What you are asked to do: Return each entry below without any alteration.

Dataset records:

::::

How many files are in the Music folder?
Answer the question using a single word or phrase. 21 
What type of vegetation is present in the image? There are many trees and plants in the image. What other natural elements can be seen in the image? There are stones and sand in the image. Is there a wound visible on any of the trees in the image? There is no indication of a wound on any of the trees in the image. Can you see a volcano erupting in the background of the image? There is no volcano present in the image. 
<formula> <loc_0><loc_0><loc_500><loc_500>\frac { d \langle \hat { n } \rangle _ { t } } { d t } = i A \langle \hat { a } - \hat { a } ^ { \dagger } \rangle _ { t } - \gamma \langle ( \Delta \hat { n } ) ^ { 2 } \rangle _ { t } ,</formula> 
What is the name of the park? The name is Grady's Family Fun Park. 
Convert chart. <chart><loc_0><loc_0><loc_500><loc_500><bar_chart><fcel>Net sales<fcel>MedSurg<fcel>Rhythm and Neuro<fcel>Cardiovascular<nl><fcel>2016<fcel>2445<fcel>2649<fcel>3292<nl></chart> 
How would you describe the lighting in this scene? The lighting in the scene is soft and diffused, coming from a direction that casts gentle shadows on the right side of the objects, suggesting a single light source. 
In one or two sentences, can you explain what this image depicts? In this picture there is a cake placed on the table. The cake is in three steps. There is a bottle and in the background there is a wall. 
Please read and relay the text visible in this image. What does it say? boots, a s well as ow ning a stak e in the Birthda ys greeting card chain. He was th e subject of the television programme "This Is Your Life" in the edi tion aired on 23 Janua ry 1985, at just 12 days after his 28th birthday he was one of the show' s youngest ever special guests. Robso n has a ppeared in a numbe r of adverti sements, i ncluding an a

::::

Answer to the exercise:
How many files are in the Music folder?
Answer the question using a single word or phrase. 21 
What type of vegetation is present in the image? There are many trees and plants in the image. What other natural elements can be seen in the image? There are stones and sand in the image. Is there a wound visible on any of the trees in the image? There is no indication of a wound on any of the trees in the image. Can you see a volcano erupting in the background of the image? There is no volcano present in the image. 
<formula> <loc_0><loc_0><loc_500><loc_500>\frac { d \langle \hat { n } \rangle _ { t } } { d t } = i A \langle \hat { a } - \hat { a } ^ { \dagger } \rangle _ { t } - \gamma \langle ( \Delta \hat { n } ) ^ { 2 } \rangle _ { t } ,</formula> 
What is the name of the park? The name is Grady's Family Fun Park. 
Convert chart. <chart><loc_0><loc_0><loc_500><loc_500><bar_chart><fcel>Net sales<fcel>MedSurg<fcel>Rhythm and Neuro<fcel>Cardiovascular<nl><fcel>2016<fcel>2445<fcel>2649<fcel>3292<nl></chart> 
How would you describe the lighting in this scene? The lighting in the scene is soft and diffused, coming from a direction that casts gentle shadows on the right side of the objects, suggesting a single light source. 
In one or two sentences, can you explain what this image depicts? In this picture there is a cake placed on the table. The cake is in three steps. There is a bottle and in the background there is a wall. 
Please read and relay the text visible in this image. What does it say? boots, a s well as ow ning a stak e in the Birthda ys greeting card chain. He was th e subject of the television programme "This Is Your Life" in the edi tion aired on 23 Janua ry 1985, at just 12 days after his 28th birthday he was one of the show' s youngest ever special guests. Robso n has a ppeared in a numbe r of adverti sements, i ncluding an a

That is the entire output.